Emotional promiscuity is just as dangerous as physical promiscuity, and I would say just as damaging, and girls are just as guilty of this, probably even more so. If hearts are being deeply shared, but no prayer or commitment or defining of what God has been showing either one of you is being expressed than something is wrong. Trust me, no matter how badly you just want to be there for someone, you can’t – you can’t you can’t – no matter how much of you is yearning to be that emotional support. You are giving away emotions and deep, intimate connecting that is only meant for your spouse, and I don’t care how cheesy that may sound, because when you find yourself broken hearted with devastation you will know just how much so God never desired or designed for that to be the end result. Years of healing, and questioning your worth are left in the wake of its path.

A godly man will seek the heart of Christ and tread with respect as he walks alongside Christ’s daughters, seeking how to honor you, not use you emotionally to feel better, or worse, enter into a relationship with you while knowing he is not healed and is carrying around burdens you should not ever have to carry for him. A godly man will be intune to Christ’s heart and will seek Him, and pray, and ask God to reveal His will, and pursue you as Christ pursues you every day.

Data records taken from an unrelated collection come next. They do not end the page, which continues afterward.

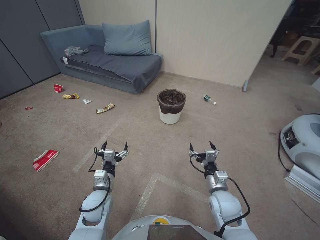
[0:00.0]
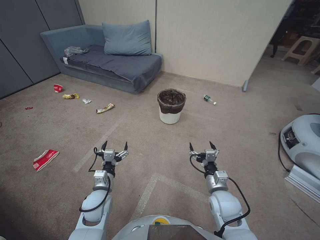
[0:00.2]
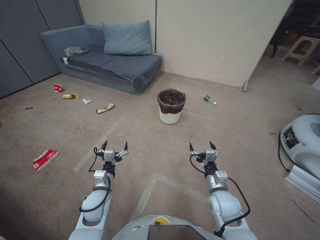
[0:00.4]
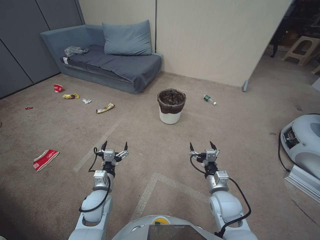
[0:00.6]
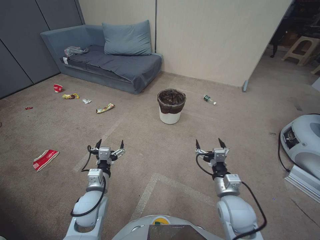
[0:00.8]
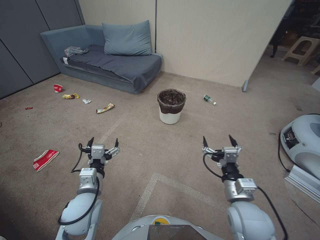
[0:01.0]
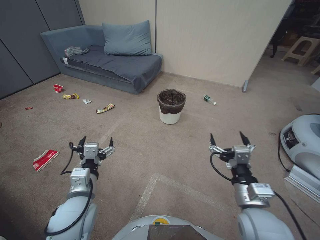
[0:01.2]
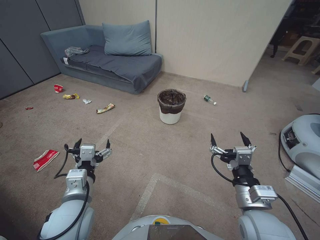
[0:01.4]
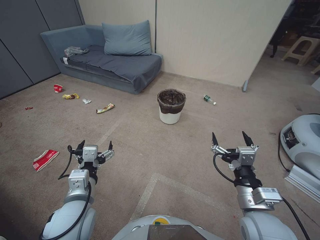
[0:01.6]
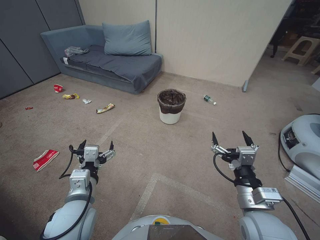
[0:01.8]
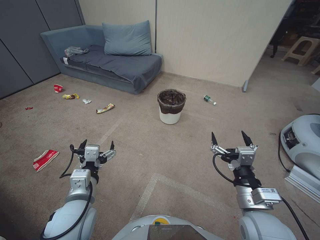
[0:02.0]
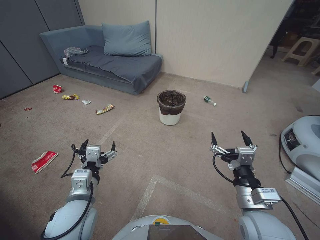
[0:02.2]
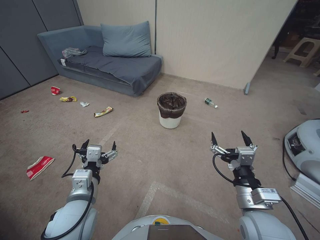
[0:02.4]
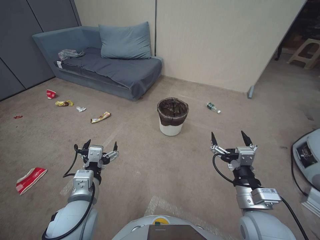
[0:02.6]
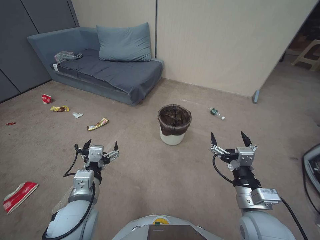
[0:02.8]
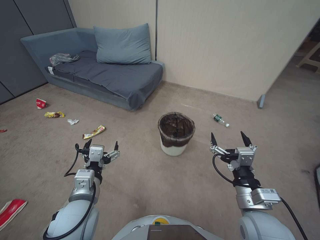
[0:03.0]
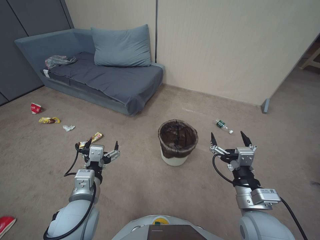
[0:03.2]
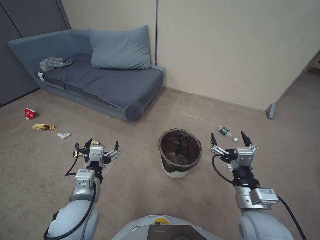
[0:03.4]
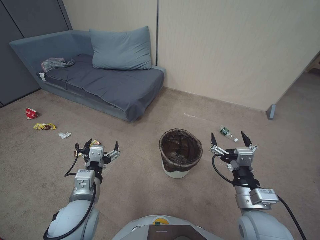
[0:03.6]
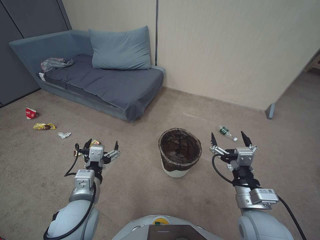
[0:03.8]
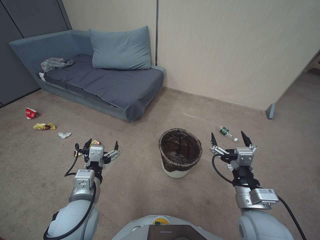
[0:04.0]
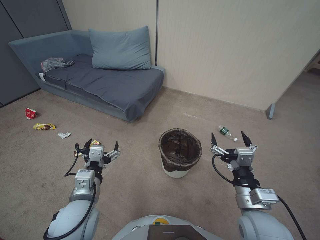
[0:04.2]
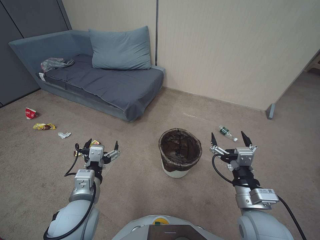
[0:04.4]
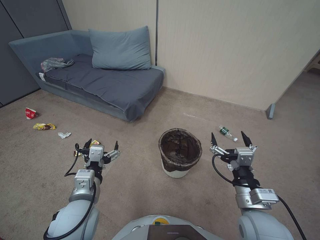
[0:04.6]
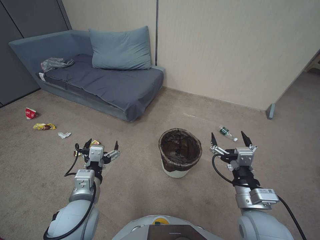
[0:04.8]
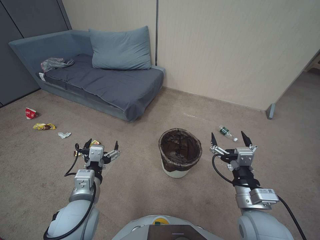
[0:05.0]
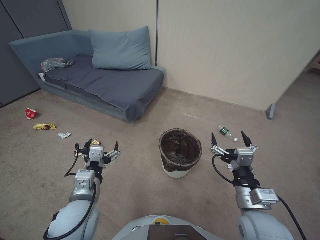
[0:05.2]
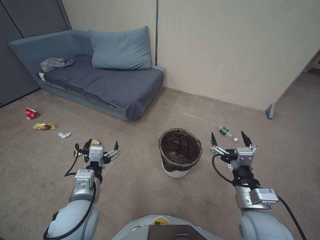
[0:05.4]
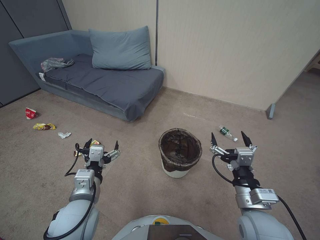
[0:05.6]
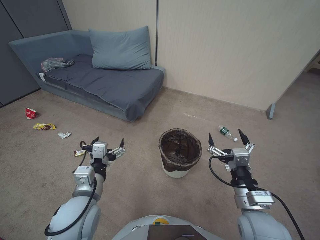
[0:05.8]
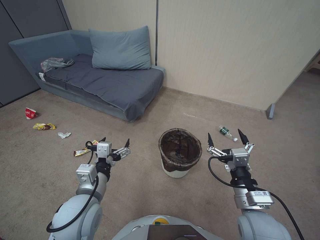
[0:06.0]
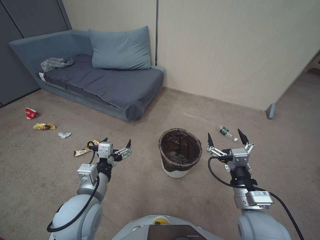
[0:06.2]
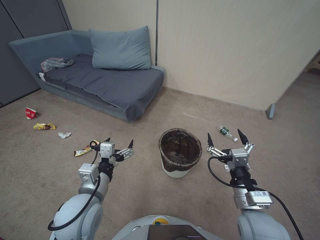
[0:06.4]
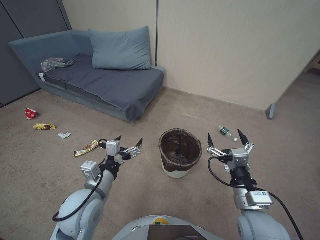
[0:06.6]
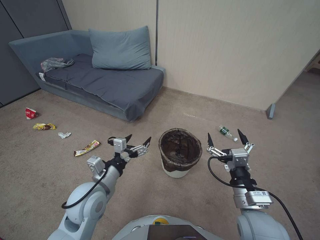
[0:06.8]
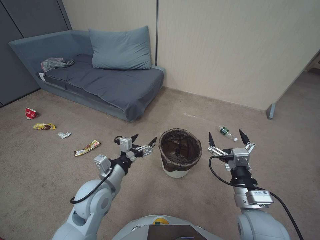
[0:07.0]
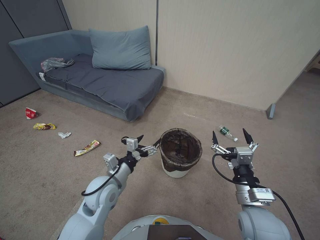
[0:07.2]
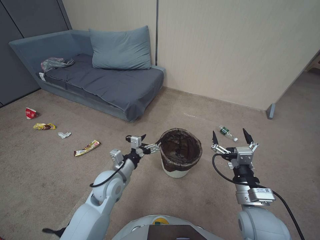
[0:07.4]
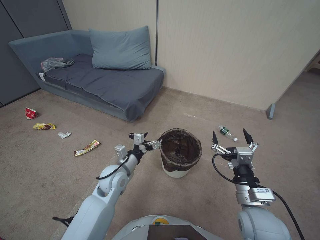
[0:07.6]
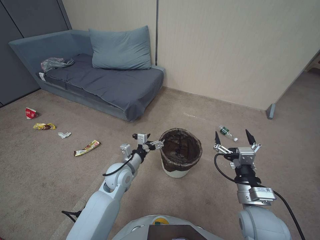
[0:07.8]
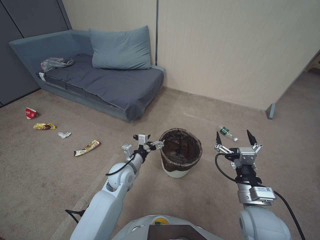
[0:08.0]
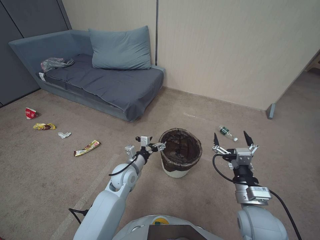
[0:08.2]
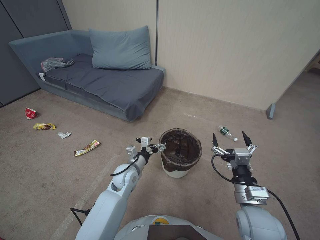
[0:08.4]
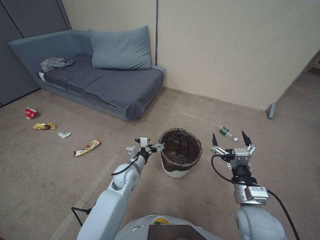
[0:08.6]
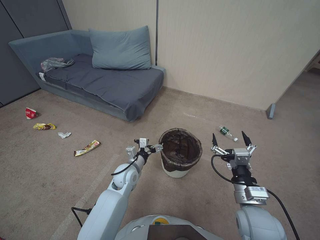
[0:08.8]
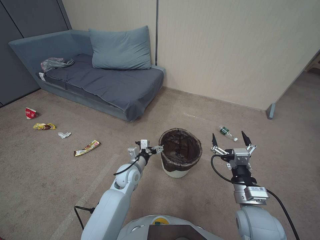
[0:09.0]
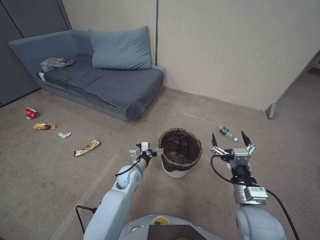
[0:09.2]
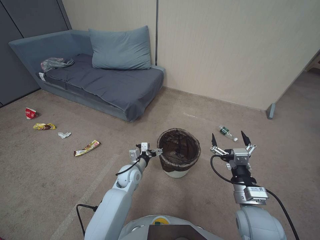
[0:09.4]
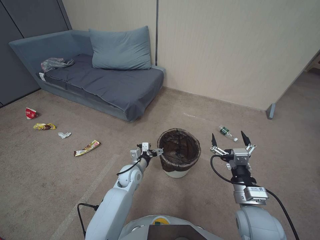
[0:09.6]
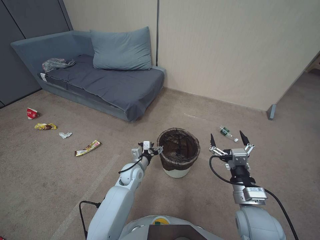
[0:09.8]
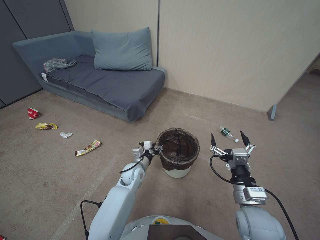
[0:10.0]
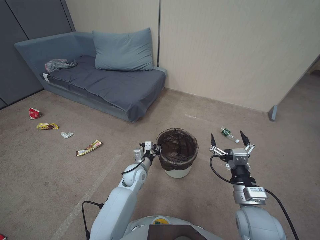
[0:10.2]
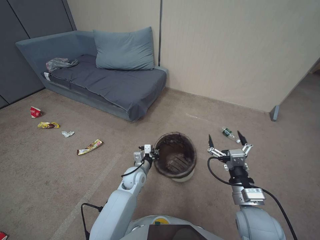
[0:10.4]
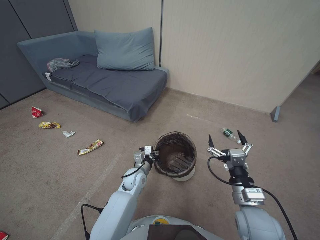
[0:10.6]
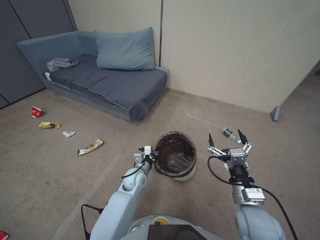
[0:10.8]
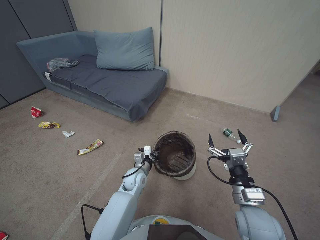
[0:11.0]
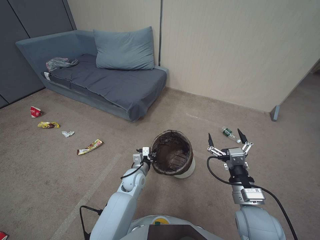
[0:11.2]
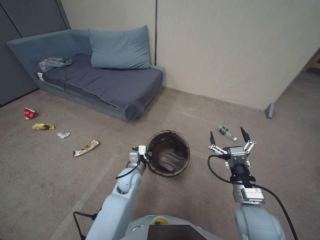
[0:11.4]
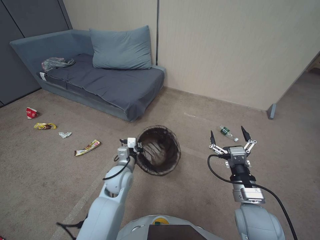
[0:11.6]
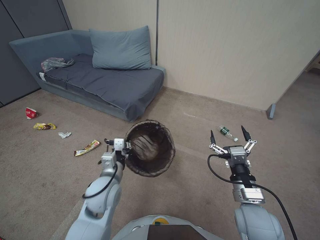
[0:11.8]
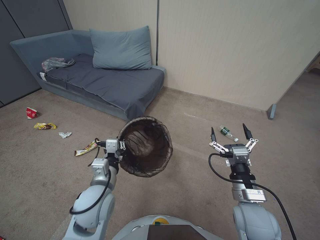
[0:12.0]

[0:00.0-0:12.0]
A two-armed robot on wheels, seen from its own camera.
Task of the whole recording: Pick up the trash bin, then pick up the garbage from the floor and place it into the trash bin.
0:03.0 to 0:04.4: Neither gripper changes place.
0:04.4 to 0:06.0: The grippers stay close to where they were, moving slightly.
0:06.0 to 0:07.6: The left gripper moves forward and downward, some 10 cm.
0:07.6 to 0:09.0: The left gripper shifts approximately 10 cm downward and forward.
0:09.0 to 0:10.4: The left gripper changes place by approximately 5 cm, and closes.
0:10.4 to 0:12.0: The left gripper travels upward and backward by about 20 cm.

I promise you, one day you will wake up, and all you will desire is to be a vessel for God’s kingdom, no matter what you gain or lose along the way. Loneliness will not vanish, pain will not disappear out of your life, desires for your future will remain intact, discouragements will come, doubts will be raised, hope will be clung to, weariness will creep up again and again, but confidence will be sure – because you will desire God to use you, every day, in whatever capacity He chooses, to bring glory to His kingdom, regardless of your gain. You will revel in your rescue, and will find the most joy when sharing of His ceaseless grace and endless love, and the peace despite the journey, will be so so satisfying.

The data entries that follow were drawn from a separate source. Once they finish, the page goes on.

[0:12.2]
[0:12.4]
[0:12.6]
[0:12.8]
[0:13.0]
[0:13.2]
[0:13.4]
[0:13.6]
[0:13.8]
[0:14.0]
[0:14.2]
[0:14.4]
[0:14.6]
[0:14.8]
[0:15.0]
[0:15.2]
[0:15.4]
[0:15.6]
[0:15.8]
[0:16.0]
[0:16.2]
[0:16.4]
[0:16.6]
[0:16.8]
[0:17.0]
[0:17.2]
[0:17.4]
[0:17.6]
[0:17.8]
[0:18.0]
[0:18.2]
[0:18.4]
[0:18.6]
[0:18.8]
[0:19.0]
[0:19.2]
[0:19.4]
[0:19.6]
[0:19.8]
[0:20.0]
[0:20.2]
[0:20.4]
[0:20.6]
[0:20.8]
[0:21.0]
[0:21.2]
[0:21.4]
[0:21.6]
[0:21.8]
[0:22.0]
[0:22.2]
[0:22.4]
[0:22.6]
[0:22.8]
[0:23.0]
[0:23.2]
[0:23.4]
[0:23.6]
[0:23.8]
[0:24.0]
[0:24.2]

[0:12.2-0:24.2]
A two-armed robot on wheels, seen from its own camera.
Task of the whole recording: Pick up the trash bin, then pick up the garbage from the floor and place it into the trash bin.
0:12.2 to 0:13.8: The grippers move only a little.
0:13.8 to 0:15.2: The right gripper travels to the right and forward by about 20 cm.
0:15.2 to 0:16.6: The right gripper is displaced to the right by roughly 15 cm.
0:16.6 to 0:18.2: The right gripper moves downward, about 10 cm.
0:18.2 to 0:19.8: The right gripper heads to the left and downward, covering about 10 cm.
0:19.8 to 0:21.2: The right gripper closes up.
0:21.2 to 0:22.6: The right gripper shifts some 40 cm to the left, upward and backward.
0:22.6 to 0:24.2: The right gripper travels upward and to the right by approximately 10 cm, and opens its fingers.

Pray boldly to Christ – ask boldly, seek boldly, knock boldly – I believe it is a beautiful thing to fall prostrate before Him laying out every thought and emotion raging within you – He will meet you, and He will draw near. Do not think for one second He will shame you for crying out to Him.

No, my dear, He will count every tear and pour blessing upon blessing straight into your heart and you will know He is ever so faithful in time of need.

“For this is what the Sovereign Lord says: I Myself will search for My sheep and look after them…I will RESCUE them from ALL the places where they were scattered on a day of clouds and darkness…I will SEARCH for the lost and BRING BACK the strays. I will BIND UP the hurt and injured and STRENGTHEN the weak…I will make them and the places surrounding My hill a blessing. I will send down showers in season; there will be SHOWERS OF BLESSING. The trees will yield their fruit and the ground will yield its crops; the people will be SECURE in their land. They will KNOW that I am the Lord, when I BREAK THE BARS of their yoke and RESCUE them from the hands of those who enslaved them. They will NO LONGER be plundered…they will live in SAFETY and NO ONE will make them afraid.”